■ Required work
Nothing but the pictures may be left out. Restate the rest of the entries word for word.

Data records:
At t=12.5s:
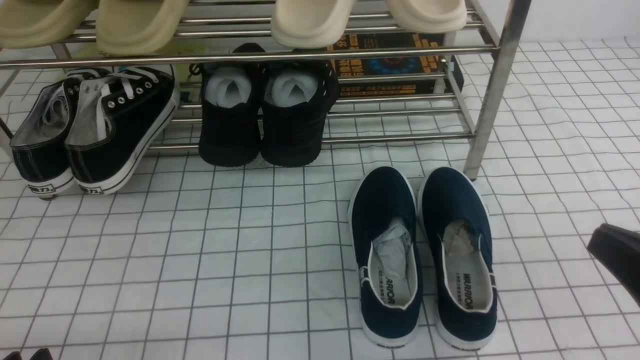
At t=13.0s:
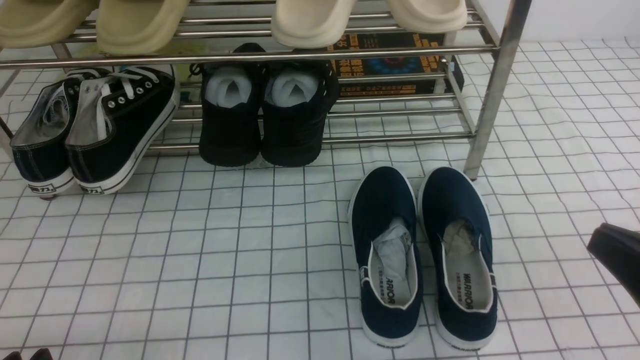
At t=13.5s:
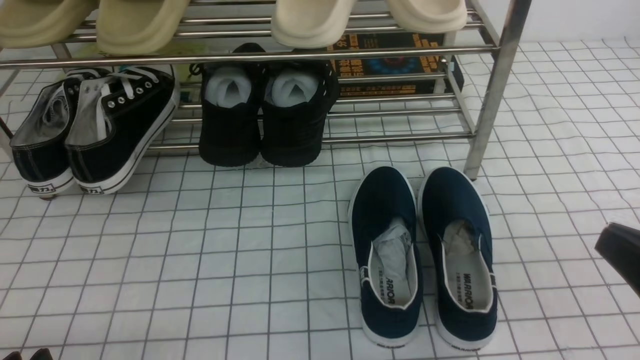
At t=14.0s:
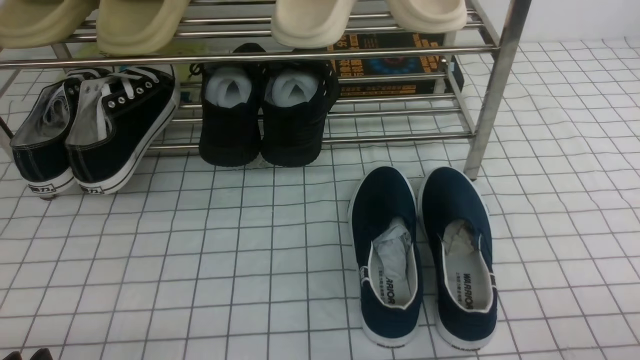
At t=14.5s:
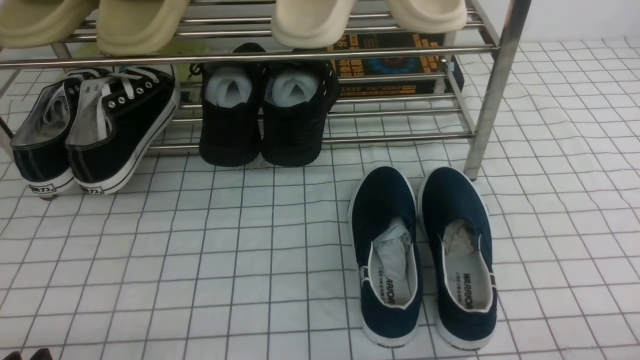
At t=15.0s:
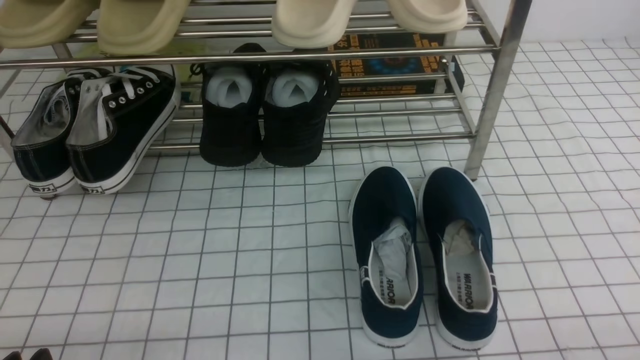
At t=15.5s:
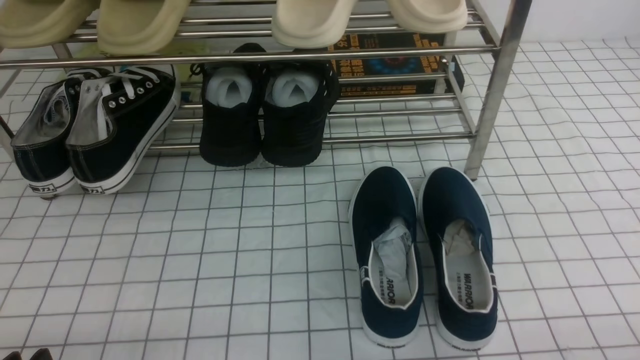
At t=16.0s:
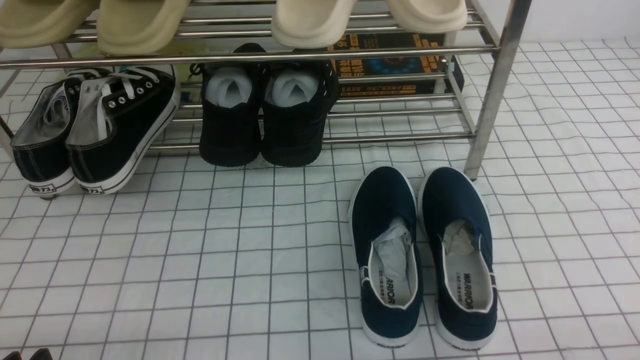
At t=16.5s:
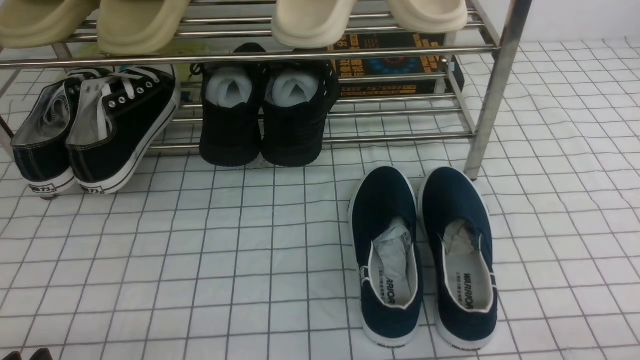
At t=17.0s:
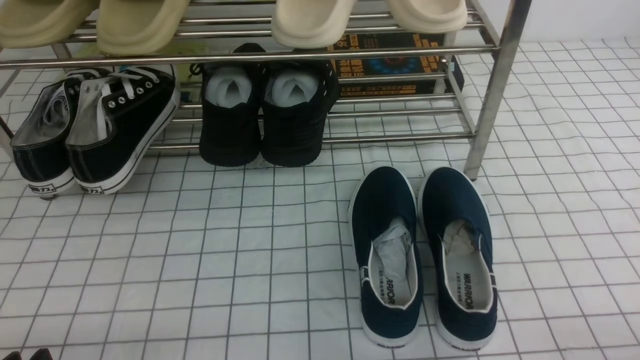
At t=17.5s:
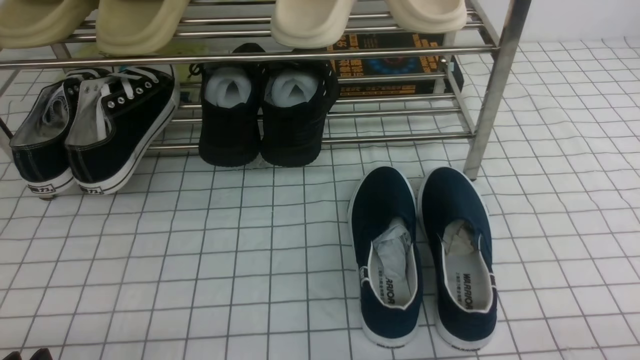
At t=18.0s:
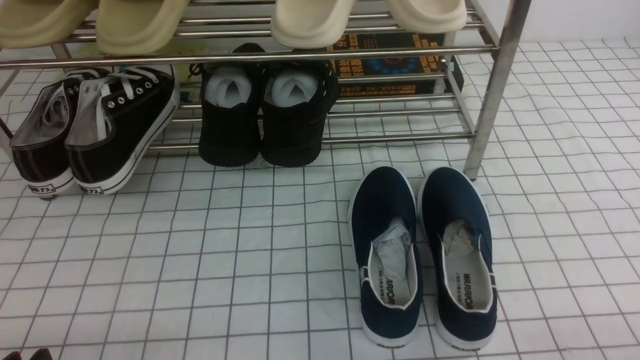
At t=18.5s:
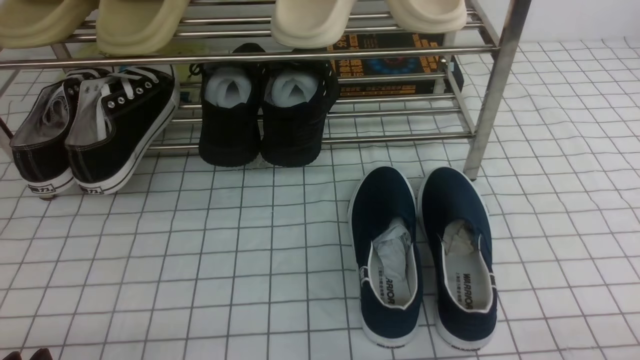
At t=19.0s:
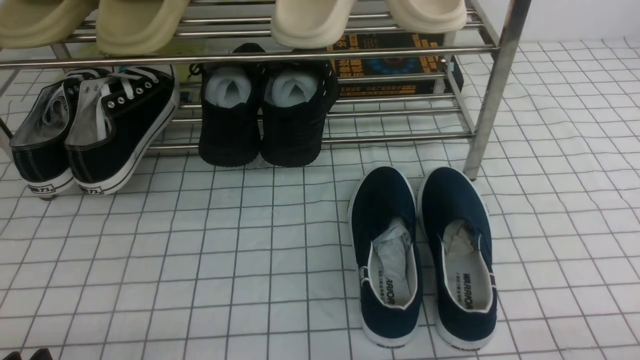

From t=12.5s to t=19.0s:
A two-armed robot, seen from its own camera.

■ Task solution
At t=12.5s:
At t=13.0s:
At t=13.5s:
At t=14.0s:
At t=14.5s:
At t=15.0s:
At t=15.5s:
At t=16.0s:
At t=16.5s:
At t=17.0s:
At t=17.5s:
At t=18.0s:
At t=18.5s:
At t=19.0s:

From t=12.5s to t=19.0s:
A two-armed robot, seen from its own camera.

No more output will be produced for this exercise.